Hi Jason, I tried -B128 but still have the same problem. I think it might be a bug after I updating the latest falcon release. My previous run (successful case) in which I used falcon v0.4 generate a las.fofn file contain only preads.*.las. The context of las.fofn is attached below:

/home/zhangxt/project/AP85/1-preads_ovl/las_files/preads.62.las
/home/zhangxt/project/AP85/1-preads_ovl/las_files/preads.73.las
/home/zhangxt/project/AP85/1-preads_ovl/las_files/preads.104.las
/home/zhangxt/project/AP85/1-preads_ovl/las_files/preads.63.las
/home/zhangxt/project/AP85/1-preads_ovl/las_files/preads.132.las

However, the failure one (latest falcon release) generated a las.fofn file which contains all las file, including L1.*.las, L2.*.las and preads.*.las. Part of the file were attached below:

/home/zhangxt/project/LgSXasm/try_corOutCoverage80/falcon_t1/1-preads_ovl/m_00001/L1.1.114.las
/home/zhangxt/project/LgSXasm/try_corOutCoverage80/falcon_t1/1-preads_ovl/m_00001/L1.1.207.las
...

Is this a bug or anything I did wrong? I can only use preads.*las right now but I would like to know what cause this problem. I could avoid this in the future. Thanks!

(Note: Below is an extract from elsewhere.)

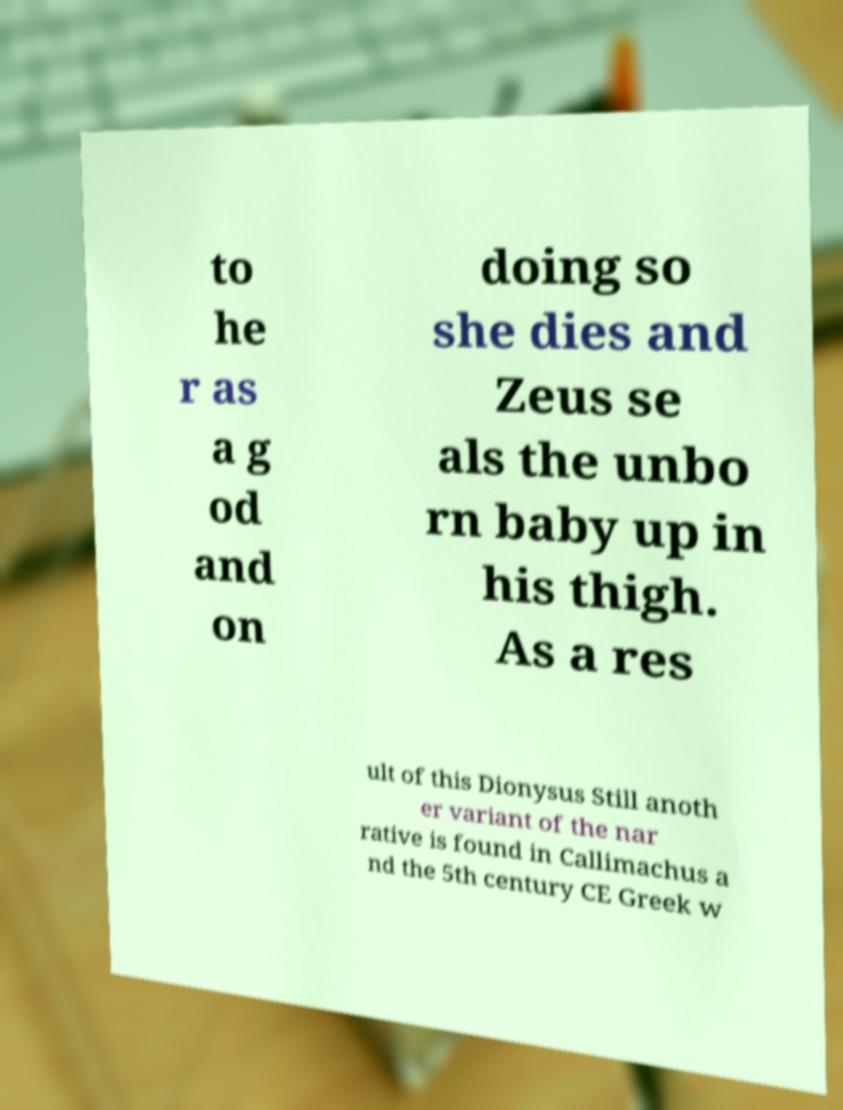Could you extract and type out the text from this image? to he r as a g od and on doing so she dies and Zeus se als the unbo rn baby up in his thigh. As a res ult of this Dionysus Still anoth er variant of the nar rative is found in Callimachus a nd the 5th century CE Greek w

pb-jchin commented 8 years ago

yes. it is a bug. I submitted a PR already. see https://github.com/PacificBiosciences/FALCON/pull/367

pb-cdunn commented 8 years ago

Could you tell us what commit you are using? git rev-parse HEAD. Did you simply download the latest release. I am about to issue a new release with the fix.

The good news is that you will not need to re-run everything. After updating FALCON (the tip of master is fine), simply:

rm -rf 2-*/
rm -rf 1-*/

And restart. Stage-0 should be fine.